A SNAPSHOT OF ASTORIA, QUEENS HISTORY
The people and events that sculpted the present...
by James Powers
In the upper left hand northwest corner of what is today the borough of Queens is the famous neighborhood known as Astoria. From the pre-Columbian beginnings as part of the Lenape tribe’s territory to its post-European settlement era- first as the farmland of William Hallett in the Dutch colony of New Netherlands and then later as part of the original Queens County in the British colony of New York- through the American Revolution and Queens’ incorporation into the “great city” of New York- Astoria has a unique story to tell.
Let’s start with its name. The area does not derive its name from the landscape as its neighbors do- Sunnyside is named after a 19th Century farm and Woodside derives from the forest that used to stand there. It was originally the land of the Lenape Native Americans (erroneously called “Delaware Indians” by the later English settlers), a corner of their broad territory called the Lenapehoking- which encompassed all of New Jersey, all of New York City, five New York counties, and parts of Pennsylvania, Delaware, and Connecticut. In the 1630’s the Dutch landed and founded their New Netherlands colony.
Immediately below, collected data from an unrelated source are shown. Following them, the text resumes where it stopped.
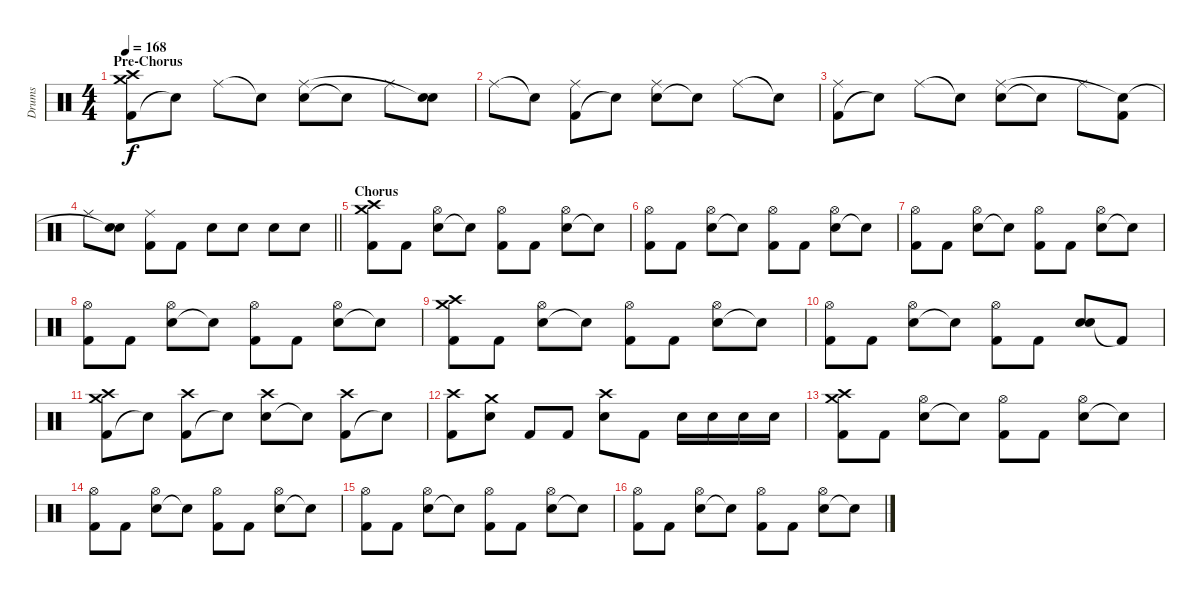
\track ("Drums" "Drums") {instrument percussion}
\staff {score}
\articulation defaults
\ts (4 4)
\section ("" "Pre-Chorus")
\tempo 168
\clef neutral
\ks c
("Kick (hit) 2" "Crash medium (hit)" "Crash high (hit)").8{dy f} "Snare (hit)"{t}.8 "Ride (middle)".8 "Snare (hit)"{t}.8 ("Electric Snare (hit)" "Ride (middle)").8 "Snare (hit)"{t}.8 "Ride (middle)".8 ("Electric Snare (hit)" "Snare (hit)"{t}).8 |
"Ride (middle)".8 "Snare (hit)"{t}.8 ("Kick (hit) 2" "Ride (middle)").8 "Snare (hit)"{t}.8 ("Electric Snare (hit)" "Ride (middle)").8 "Snare (hit)"{t}.8 "Ride (middle)".8 "Snare (hit)"{t}.8 |
("Kick (hit) 2" "Ride (middle)").8 "Snare (hit)"{t}.8 "Ride (middle)".8 "Snare (hit)"{t}.8 ("Electric Snare (hit)" "Ride (middle)").8 "Snare (hit)"{t}.8 "Ride (middle)".8 ("Kick (hit) 2" "Snare (hit)"{t}).8 |
\barLineRight lightlight "Ride (middle)".8
("Electric Snare (hit)" "Snare (hit)"{t}).8 ("Kick (hit) 2" "Ride (middle)").8 "Kick (hit) 2".8 "Electric Snare (hit)".8 "Electric Snare (hit)".8 "Electric Snare (hit)".8 "Electric Snare (hit)".8 |
\section ("" "Chorus")
("Kick (hit) 2" "Crash medium (hit)" "Crash high (hit)").8 "Kick (hit) 2".8 ("Electric Snare (hit)" "Hi-Hat (open)").8 "Snare (hit)"{t}.8 ("Kick (hit) 2" "Hi-Hat (open)").8 "Kick (hit) 2".8 ("Electric Snare (hit)" "Hi-Hat (open)").8 "Snare (hit)"{t}.8 |
("Kick (hit) 2" "Hi-Hat (open)").8 "Kick (hit) 2".8 ("Electric Snare (hit)" "Hi-Hat (open)").8 "Snare (hit)"{t}.8 ("Kick (hit) 2" "Hi-Hat (open)").8 "Kick (hit) 2".8 ("Electric Snare (hit)" "Hi-Hat (open)").8 "Snare (hit)"{t}.8 |
("Kick (hit) 2" "Hi-Hat (open)").8 "Kick (hit) 2".8 ("Electric Snare (hit)" "Hi-Hat (open)").8 "Snare (hit)"{t}.8 ("Kick (hit) 2" "Hi-Hat (open)").8 "Kick (hit) 2".8 ("Electric Snare (hit)" "Hi-Hat (open)").8 "Snare (hit)"{t}.8 |
("Kick (hit) 2" "Hi-Hat (open)").8 "Kick (hit) 2".8 ("Electric Snare (hit)" "Hi-Hat (open)").8 "Snare (hit)"{t}.8 ("Kick (hit) 2" "Hi-Hat (open)").8 "Kick (hit) 2".8 ("Electric Snare (hit)" "Hi-Hat (open)").8 "Snare (hit)"{t}.8 |
("Kick (hit) 2" "Crash medium (hit)" "Crash high (hit)").8 "Kick (hit) 2".8 ("Electric Snare (hit)" "Hi-Hat (open)").8 "Snare (hit)"{t}.8 ("Kick (hit) 2" "Hi-Hat (open)").8 "Kick (hit) 2".8 ("Electric Snare (hit)" "Hi-Hat (open)").8 "Snare (hit)"{t}.8 |
("Kick (hit) 2" "Hi-Hat (open)").8 "Kick (hit) 2".8 ("Electric Snare (hit)" "Hi-Hat (open)").8 "Snare (hit)"{t}.8 ("Kick (hit) 2" "Hi-Hat (open)").8 "Kick (hit) 2".8 ("Electric Snare (hit)" "Electric Snare (hit)").8 "Kick (hit) 2"{t}.8 |
("Kick (hit) 2" "Crash medium (hit)" "Crash high (hit)").8 "Snare (hit)"{t}.8 ("Kick (hit) 2" "Crash high (hit)").8 "Snare (hit)"{t}.8 ("Electric Snare (hit)" "Crash high (hit)").8 "Snare (hit)"{t}.8 ("Kick (hit) 2" "Crash high (hit)").8 "Snare (hit)"{t}.8 |
("Kick (hit) 2" "Crash high (hit)").8 ("Electric Snare (hit)" "Crash medium (hit)").8 "Kick (hit) 2".8 "Kick (hit) 2".8 ("Electric Snare (hit)" "Crash high (hit)").8 "Kick (hit) 2".8 "Electric Snare (hit)".16 "Electric Snare (hit)".16 "Electric Snare (hit)".16 "Electric Snare (hit)".16 |
("Kick (hit) 2" "Crash medium (hit)" "Crash high (hit)").8 "Kick (hit) 2".8 ("Electric Snare (hit)" "Hi-Hat (open)").8 "Snare (hit)"{t}.8 ("Kick (hit) 2" "Hi-Hat (open)").8 "Kick (hit) 2".8 ("Electric Snare (hit)" "Hi-Hat (open)").8 "Snare (hit)"{t}.8 |
("Kick (hit) 2" "Hi-Hat (open)").8 "Kick (hit) 2".8 ("Electric Snare (hit)" "Hi-Hat (open)").8 "Snare (hit)"{t}.8 ("Kick (hit) 2" "Hi-Hat (open)").8 "Kick (hit) 2".8 ("Electric Snare (hit)" "Hi-Hat (open)").8 "Snare (hit)"{t}.8 |
("Kick (hit) 2" "Hi-Hat (open)").8 "Kick (hit) 2".8 ("Electric Snare (hit)" "Hi-Hat (open)").8 "Snare (hit)"{t}.8 ("Kick (hit) 2" "Hi-Hat (open)").8 "Kick (hit) 2".8 ("Electric Snare (hit)" "Hi-Hat (open)").8 "Snare (hit)"{t}.8 |
("Kick (hit) 2" "Hi-Hat (open)").8 "Kick (hit) 2".8 ("Electric Snare (hit)" "Hi-Hat (open)").8 "Snare (hit)"{t}.8 ("Kick (hit) 2" "Hi-Hat (open)").8 "Kick (hit) 2".8 ("Electric Snare (hit)" "Hi-Hat (open)").8 "Snare (hit)"{t}.8

The colony was home to English people as well, one of them being William Hallett. Hallett and his wife Elizabeth Fones settled in what is now Astoria after fleeing a scandal in the English colony of Connecticut. Hallett was Fones’ third husband- she lost the first to drowning- and he was a business associate of her second husband Robert Feake (who had gone mad and abandoned her). There was no official divorce between her and Feake before she married Hallett and the social arbiters of Puritanical New England were dead set against them. The nearby Dutch settlement had more liberal mores and the couple bought farmland which would later become known as Hallett’s Cove. They later moved to Flushing after their farm was burned by the Lenape, and Hallett became a government official. Elizabeth’s Neck in Greenwich, Connecticut is named after Fones, incidentally.
The Dutch and the English would wrestle over control of the New Netherlands colony, with two wars resulting (the Second and Third Anglo-Dutch Wars). England took over Fort Amsterdam (modern day lower Manhattan) in 1664, the Dutch retook it, but the English eventually conquered the entire colony in 1674 and renamed it Yorkshire. The Hallett’s old homestead and it’s surrounds were incorporated into the original Queens County in November 1683, comprising modern day Nassau County and the borough of Queens.
Before the Dutch leave the scene, a quick word about Hell Gate- the section of the East River to Astoria’s north. The evil-sounding name is actually an Anglicization of the Dutch term for the area- “Hellegat” - meaning “clear opening.” It was first explored (and likely named) by Dutch sea captain Adriaen Block- who Block Island is named after.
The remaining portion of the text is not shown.